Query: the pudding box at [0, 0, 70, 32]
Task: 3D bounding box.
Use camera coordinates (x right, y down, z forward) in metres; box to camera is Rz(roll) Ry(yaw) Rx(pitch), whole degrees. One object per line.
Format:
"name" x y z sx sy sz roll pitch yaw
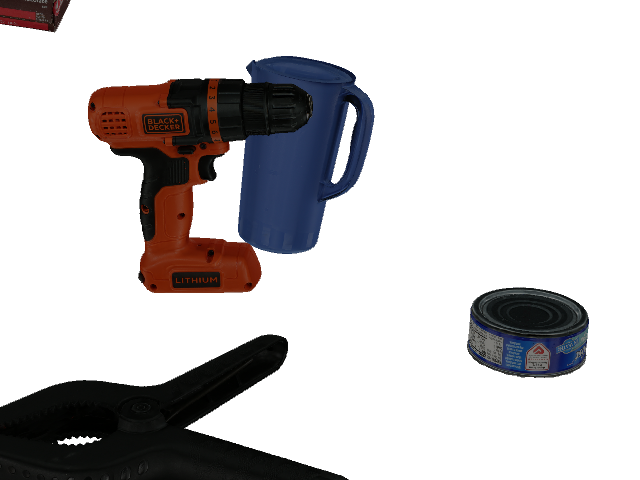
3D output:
"pudding box" -0.250 -0.217 0.876 0.090 0.039 0.113 8 36 -4

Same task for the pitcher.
"pitcher" -0.030 -0.107 1.373 0.144 0.243 0.149 3 22 -17

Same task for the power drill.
"power drill" -0.094 -0.047 0.905 0.184 0.188 0.057 0 27 6

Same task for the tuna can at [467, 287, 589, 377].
"tuna can" 0.150 0.065 0.774 0.086 0.034 0.086 0 21 0

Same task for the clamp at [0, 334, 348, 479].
"clamp" -0.095 0.102 0.594 0.210 0.036 0.164 -1 24 -9
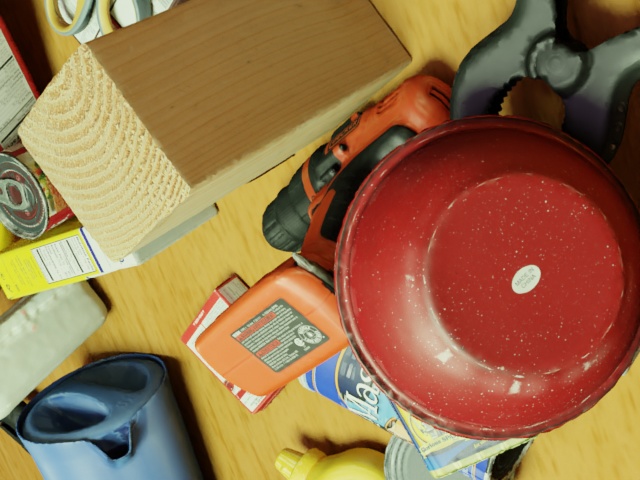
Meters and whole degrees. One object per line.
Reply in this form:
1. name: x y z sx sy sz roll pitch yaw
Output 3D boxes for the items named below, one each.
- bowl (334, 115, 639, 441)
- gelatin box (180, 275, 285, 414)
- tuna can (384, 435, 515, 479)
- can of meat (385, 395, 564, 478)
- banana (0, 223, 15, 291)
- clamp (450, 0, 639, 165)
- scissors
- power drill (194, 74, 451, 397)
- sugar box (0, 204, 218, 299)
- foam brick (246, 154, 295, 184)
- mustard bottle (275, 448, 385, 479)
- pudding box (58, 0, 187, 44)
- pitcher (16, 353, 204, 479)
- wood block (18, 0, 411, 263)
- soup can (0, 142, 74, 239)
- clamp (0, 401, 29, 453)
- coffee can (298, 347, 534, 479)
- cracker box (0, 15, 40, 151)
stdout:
1. bowl: 0.089 0.017 0.502 0.162 0.162 0.055 54 174 0
2. gelatin box: -0.058 0.083 0.833 0.089 0.030 0.073 45 133 8
3. tuna can: 0.089 0.157 0.732 0.086 0.033 0.086 1 92 26
4. can of meat: 0.081 0.070 0.572 0.102 0.057 0.084 -32 86 33
5. banana: -0.310 0.029 0.932 0.069 0.198 0.037 15 161 -13
6. clamp: 0.121 -0.102 0.549 0.165 0.036 0.210 43 118 15
7. scissors: -0.126 -0.202 0.677 0.096 0.016 0.202 42 130 10
8. power drill: -0.004 0.001 0.634 0.057 0.187 0.185 37 136 -12
9. sugar box: -0.171 -0.003 0.828 0.177 0.093 0.048 -18 104 43
10. foam brick: -0.064 -0.079 0.727 0.053 0.051 0.078 -9 110 43
11. mustard bottle: 0.047 0.212 0.805 0.192 0.058 0.096 28 122 24
12. pudding box: -0.133 -0.172 0.735 0.090 0.039 0.114 50 132 7
13. pitcher: -0.162 0.228 0.947 0.145 0.149 0.243 -7 114 25
14. wood block: -0.053 -0.083 0.605 0.091 0.205 0.090 53 135 0
15. soup can: -0.194 -0.053 0.810 0.069 0.102 0.068 19 126 29
16. clamp: -0.277 0.187 1.046 0.172 0.039 0.120 22 140 34
17. coffee can: 0.071 0.080 0.676 0.140 0.102 0.103 26 129 24
18. cracker box: -0.302 -0.130 0.824 0.164 0.072 0.213 16 145 26
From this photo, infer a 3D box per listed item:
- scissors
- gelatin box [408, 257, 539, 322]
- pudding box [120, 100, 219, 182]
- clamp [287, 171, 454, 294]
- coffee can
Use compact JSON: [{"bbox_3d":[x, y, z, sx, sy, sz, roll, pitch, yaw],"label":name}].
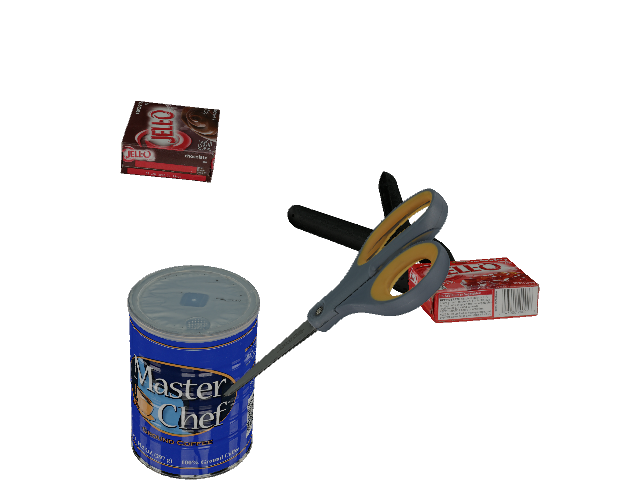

■ ■ ■ ■

#### Work instructions
Retype verbatim only the lines beginning with the line that contains "- gelatin box (180, 275, 285, 414)" and ending with the last line of the listing above; pictures are to be excluded.

#### Written response
- gelatin box (180, 275, 285, 414)
- tuna can (384, 435, 515, 479)
- can of meat (385, 395, 564, 478)
- banana (0, 223, 15, 291)
- clamp (450, 0, 639, 165)
- scissors
- power drill (194, 74, 451, 397)
- sugar box (0, 204, 218, 299)
- foam brick (246, 154, 295, 184)
- mustard bottle (275, 448, 385, 479)
- pudding box (58, 0, 187, 44)
- pitcher (16, 353, 204, 479)
- wood block (18, 0, 411, 263)
- soup can (0, 142, 74, 239)
- clamp (0, 401, 29, 453)
- coffee can (298, 347, 534, 479)
- cracker box (0, 15, 40, 151)
stdout:
1. bowl: 0.089 0.017 0.502 0.162 0.162 0.055 54 174 0
2. gelatin box: -0.058 0.083 0.833 0.089 0.030 0.073 45 133 8
3. tuna can: 0.089 0.157 0.732 0.086 0.033 0.086 1 92 26
4. can of meat: 0.081 0.070 0.572 0.102 0.057 0.084 -32 86 33
5. banana: -0.310 0.029 0.932 0.069 0.198 0.037 15 161 -13
6. clamp: 0.121 -0.102 0.549 0.165 0.036 0.210 43 118 15
7. scissors: -0.126 -0.202 0.677 0.096 0.016 0.202 42 130 10
8. power drill: -0.004 0.001 0.634 0.057 0.187 0.185 37 136 -12
9. sugar box: -0.171 -0.003 0.828 0.177 0.093 0.048 -18 104 43
10. foam brick: -0.064 -0.079 0.727 0.053 0.051 0.078 -9 110 43
11. mustard bottle: 0.047 0.212 0.805 0.192 0.058 0.096 28 122 24
12. pudding box: -0.133 -0.172 0.735 0.090 0.039 0.114 50 132 7
13. pitcher: -0.162 0.228 0.947 0.145 0.149 0.243 -7 114 25
14. wood block: -0.053 -0.083 0.605 0.091 0.205 0.090 53 135 0
15. soup can: -0.194 -0.053 0.810 0.069 0.102 0.068 19 126 29
16. clamp: -0.277 0.187 1.046 0.172 0.039 0.120 22 140 34
17. coffee can: 0.071 0.080 0.676 0.140 0.102 0.103 26 129 24
18. cracker box: -0.302 -0.130 0.824 0.164 0.072 0.213 16 145 26
From this photo, infer a 3D box per listed item:
- scissors
- gelatin box [408, 257, 539, 322]
- pudding box [120, 100, 219, 182]
- clamp [287, 171, 454, 294]
- coffee can
Use compact JSON: [{"bbox_3d":[x, y, z, sx, sy, sz, roll, pitch, yaw],"label":name}].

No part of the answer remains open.